Reputation: 19
We are using Amazon RDS to host our PostgreSQL databases. Our production instance (db.t3.xlarge, Single-AZ) was running smoothly until suddenly Read IOPS
, Read Latency
, Read Throughput
and Disk Queue Depth
metrics in the AWS console increased rapidly and stayed high afterward (with a lower variability) whereas Write IOPS
and Write Throughput
were normal.
There were no code changes or deployments on the date of the increase. There were no significant increases in user activity either.

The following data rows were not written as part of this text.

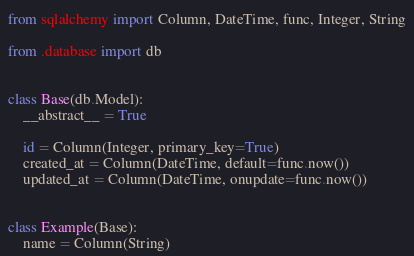<code> <loc_0><loc_0><loc_500><loc_500><_Python_>from sqlalchemy import Column, DateTime, func, Integer, String

from .database import db


class Base(db.Model):
    __abstract__ = True

    id = Column(Integer, primary_key=True)
    created_at = Column(DateTime, default=func.now())
    updated_at = Column(DateTime, onupdate=func.now())


class Example(Base):
    name = Column(String)</code>

About our DB structure, we have a single table that holds all of our data and in that table, we have these fields: id
as UUID (primary key), type
as VARCHAR, data
as JSONB (holds the actual data), createdAt
and updatedAt
as timestamp with the time zone. Most of our data columns have sizes bigger than 2 KB so most of the rows are stored in TOAST table. We have 20 (BTREE) indexes that are created for frequently used fields in JSONB.

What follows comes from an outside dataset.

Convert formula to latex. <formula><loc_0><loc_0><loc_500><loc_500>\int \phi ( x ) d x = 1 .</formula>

So far we have tried VACUUM ANALYZE
and also completely rebuilding our table: creating a new table, copying all data from the old table, creating all indexes. They didn't change the behavior.
We also tried increasing storage thus increasing IOPS performance. It helped a bit but it is still not the same as before.
What could be the root cause of this problem? How can we fix it permanently (without increasing storage or instance type)? For now, we are looking for easy changes and we will improve our data model in the future.
Upvotes: 1
Views: 2204
Reputation: 141
T3 instances are not suitable for production. Try moving to another family like a C or M type. You may have hit some burst limits that are now causing odd behaviour
Upvotes: 1